TASK GOAL: Restate word for word the line with "Horizontal field of" and all lines after it; please stop only at the end of the listing below.

DATA:
Segment Open

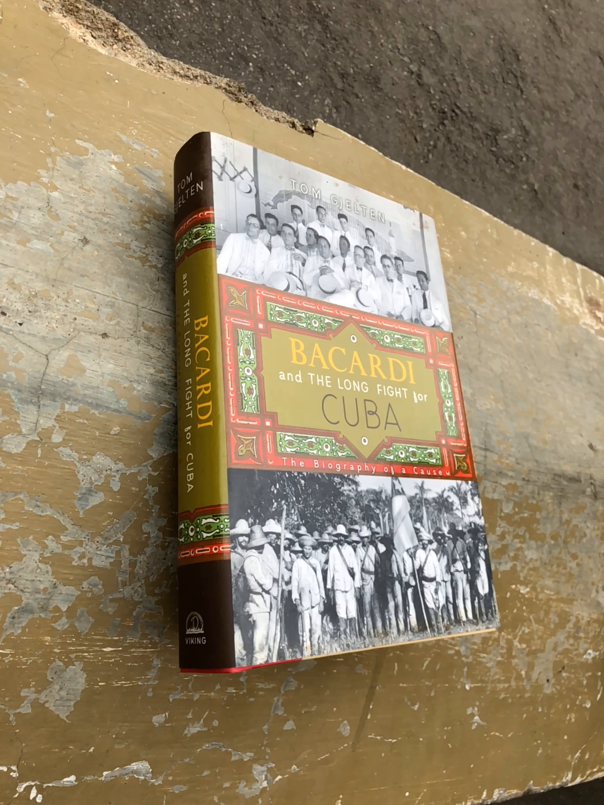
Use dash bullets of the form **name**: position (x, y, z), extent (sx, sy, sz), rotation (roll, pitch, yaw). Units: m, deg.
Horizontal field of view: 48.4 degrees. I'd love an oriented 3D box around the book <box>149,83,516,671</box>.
- **book**: position (0.014, -0.009, 0.338), extent (0.171, 0.050, 0.250), rotation (9, 68, -37)

Segment Closed

RESULT FOR THIS TASK:
Horizontal field of view: 48.4 degrees. I'd love an oriented 3D box around the book <box>149,83,516,671</box>.
- **book**: position (0.014, -0.009, 0.338), extent (0.171, 0.050, 0.250), rotation (9, 68, -37)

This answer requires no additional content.